The Network Capture Playbook Part 2 – Speed, Duplex and Drops
In part one of the playbook series we took a look at general Ethernet setups and capture situations, so in this post (as in all others following this one) I’ll assume you’re familiar with the topics previously discussed. This time, let’s check out how speed and duplex can become quite important, and what “drops” are all about.
Speed & Duplex
There are two duplex modes that we’re used to look at in Ethernet networks:
- Half Duplex, also known as “HDX”. It means only one sender can talk at any given time without problems (which would show up as so called “collisions”)
- Full Duplex, “FDX”. This means that bidirectional communication is possible, so sending and receiving at the same time not a problem.
So what happens if you have one device talking is in FDX mode, and the other only using HDX? Well, the device in FDX mode thinks it can talk whenever it wants to, not realizing it’ll cause collisions for the other device when that one is sending something at the same time. This is called a duplex mismatch. The result is usually a throughput ratio of “augh!!!” (or, to be more specific, result in single number kbyte/s instead of Mbyte/s on 100Mbit links).
Fun fact 1: Auto Negotiation
Sometimes, people think that 10/100 Mbps Auto Negotiation on one side would be smart enough to apply the setting of the other side being configured as a static setting. The usual assumption is “If I set one side to fixed, the other will adjust to the same setting automatically.” So think about this example setup: one side (usually a switch) is configured for 100Mbps full duplex and the other (usually a client PC) configured for auto negotiation. The result of this setting is what? A duplex mismatch:
The reason for this is that the auto negotiation side (in this case the PC) sends its capabilities like “I can do 10Mbps/half. I can do 10Mbps/full. I can do 100Mbps/half. I can do 100Mbps/full.” What does the other side send? Well, its configured for static 100Mbps/full, so it doesn’t feel the need to send anything at all. Which leads to the “auto” side falling back to half duplex, because it has to assume the worst. At least the speed is still detected to be 100Mps, otherwise we’d have a speed mismatch, too, leading to total link failure.

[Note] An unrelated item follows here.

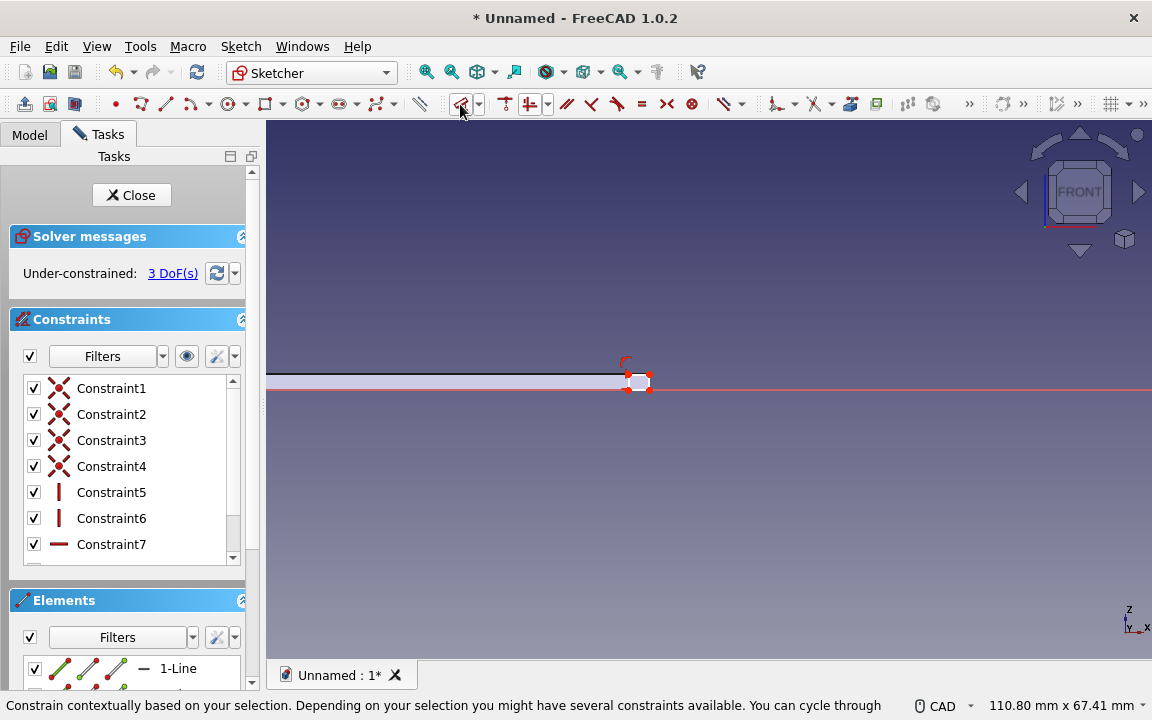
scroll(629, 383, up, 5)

This is why the rule usually is: both sides on auto, or both static. At least until the IEEE 1Gbps specifications came out (IEEE 802.3z), which contained a minor but important change: it forces devices on “fixed” settings to send their speed to the other side, too. This is the main reason why we have far less duplex mismatches these days, moving to Gigabit and faster links.
Fun fact 2: Gigabit half duplex
Yes, there is/was a Gigabit half duplex standard. Rumor has it that this was because even though the engineers knew that half duplex was history, they needed define a half duplex mode for the specifications to be able to stay within 802.3 working group. Which is the “CSMA-CD” group, and the “CD” means “Collision Detect” – which requires half duplex, otherwise there’s no collision 😉
What? He’s still talking about duplex?
I can imagine some of my readers staring at the full/half duplex topic saying “dude, that was something you needed to think about 10 to 15 years ago, but now?! It’s all full duplex!”. First of all, this series was created to pick up beginners. And second of all, let’s ask a simple but very important question for the advanced reader then:
Can you capture a fully saturated 1Gbps full duplex link with a single port 1Gbps full duplex network card?

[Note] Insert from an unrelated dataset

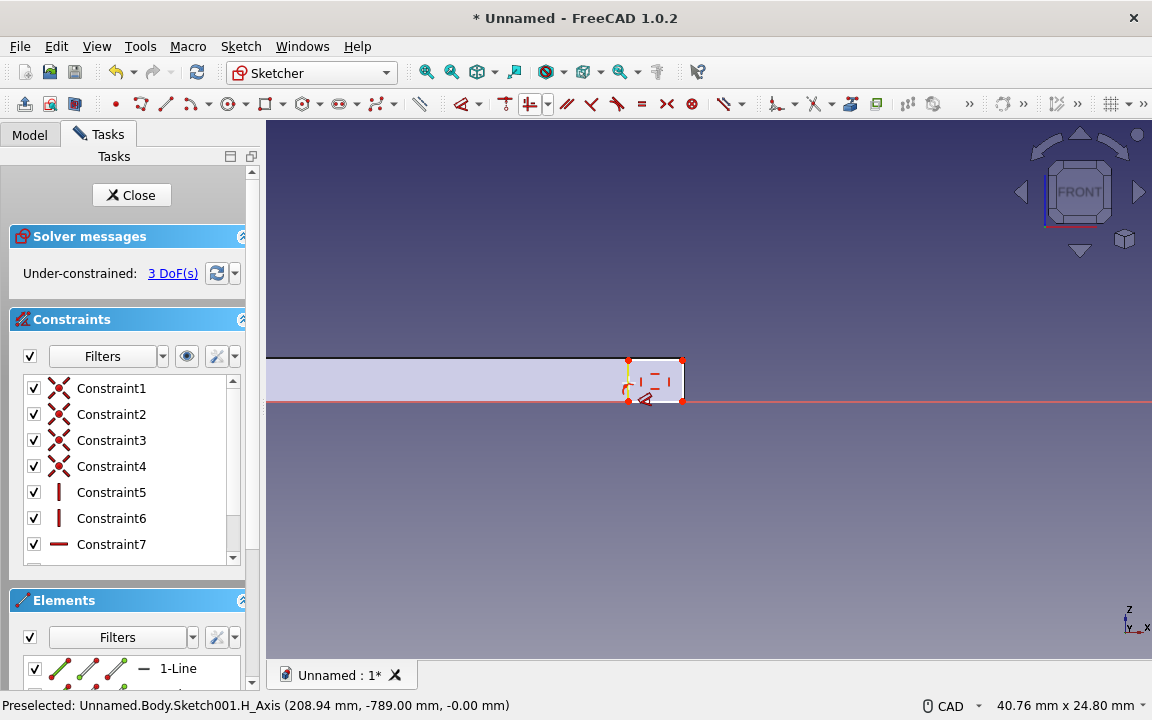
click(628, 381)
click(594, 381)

And the answer is… no. No, you can’t.
And since I am certain that a lot of people will now frown and scratch their heads in disbelief, let’s take a closer look into the matter, because this is important. The key word in my question above is “full” duplex – as we all know by know this means that a device can send and receive at the same time.
So what does it mean if we’re talking about a 1Gbps full duplex link? It means: 1 Gbit per second send rate and 1 Gbit per second receive rate (not 500Mbit/s per direction, as my students in my Wireshark classes sometimes guessed incorrectly). So if we’re talking about a 1Gbps full duplex link we’re in fact looking at a total bandwidth of 2 Gbps (yes, only if it is fully saturated, of course). Same applies to 10Gbps FDX links – they’re in fact 20Gbps. 25Gbps means 50Gbps, 40Gbps means 80Gbps, and 100Gbps is 200 Gbps, if they’re full duplex.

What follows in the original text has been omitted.